Saved entries
= = = = = = =

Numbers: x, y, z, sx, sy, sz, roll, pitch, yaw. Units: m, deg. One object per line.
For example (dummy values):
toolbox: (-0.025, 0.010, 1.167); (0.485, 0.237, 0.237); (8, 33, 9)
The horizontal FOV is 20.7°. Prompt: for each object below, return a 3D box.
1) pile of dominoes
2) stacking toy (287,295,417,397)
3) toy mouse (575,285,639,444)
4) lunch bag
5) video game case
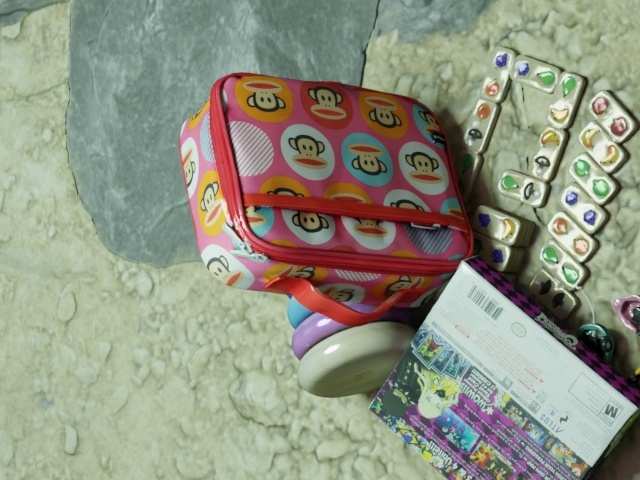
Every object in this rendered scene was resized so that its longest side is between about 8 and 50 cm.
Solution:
pile of dominoes: (0.213, -0.061, 1.832); (0.196, 0.040, 0.251); (24, 100, 36)
stacking toy: (0.000, 0.000, 1.935); (0.141, 0.141, 0.330); (-33, 63, 30)
toy mouse: (0.304, 0.098, 1.749); (0.143, 0.031, 0.161); (52, 124, 26)
lunch bag: (0.008, -0.034, 1.807); (0.120, 0.293, 0.258); (-46, 48, 48)
video game case: (0.186, 0.166, 1.783); (0.232, 0.042, 0.210); (40, 119, 19)

= = = = = = =

Task prompt →
Reproduce each entry verbatim, excluding any embedded images.

Answer for the task →
Numbers: x, y, z, sx, sy, sz, roll, pitch, yaw. Units: m, deg. One object per line.
For example (dummy values):
toolbox: (-0.025, 0.010, 1.167); (0.485, 0.237, 0.237); (8, 33, 9)
The horizontal FOV is 20.7°. Prompt: for each object below, return a 3D box.
1) pile of dominoes
2) stacking toy (287,295,417,397)
3) toy mouse (575,285,639,444)
4) lunch bag
5) video game case
Every object in this rendered scene was resized so that its longest side is between about 8 and 50 cm.
Solution:
pile of dominoes: (0.213, -0.061, 1.832); (0.196, 0.040, 0.251); (24, 100, 36)
stacking toy: (0.000, 0.000, 1.935); (0.141, 0.141, 0.330); (-33, 63, 30)
toy mouse: (0.304, 0.098, 1.749); (0.143, 0.031, 0.161); (52, 124, 26)
lunch bag: (0.008, -0.034, 1.807); (0.120, 0.293, 0.258); (-46, 48, 48)
video game case: (0.186, 0.166, 1.783); (0.232, 0.042, 0.210); (40, 119, 19)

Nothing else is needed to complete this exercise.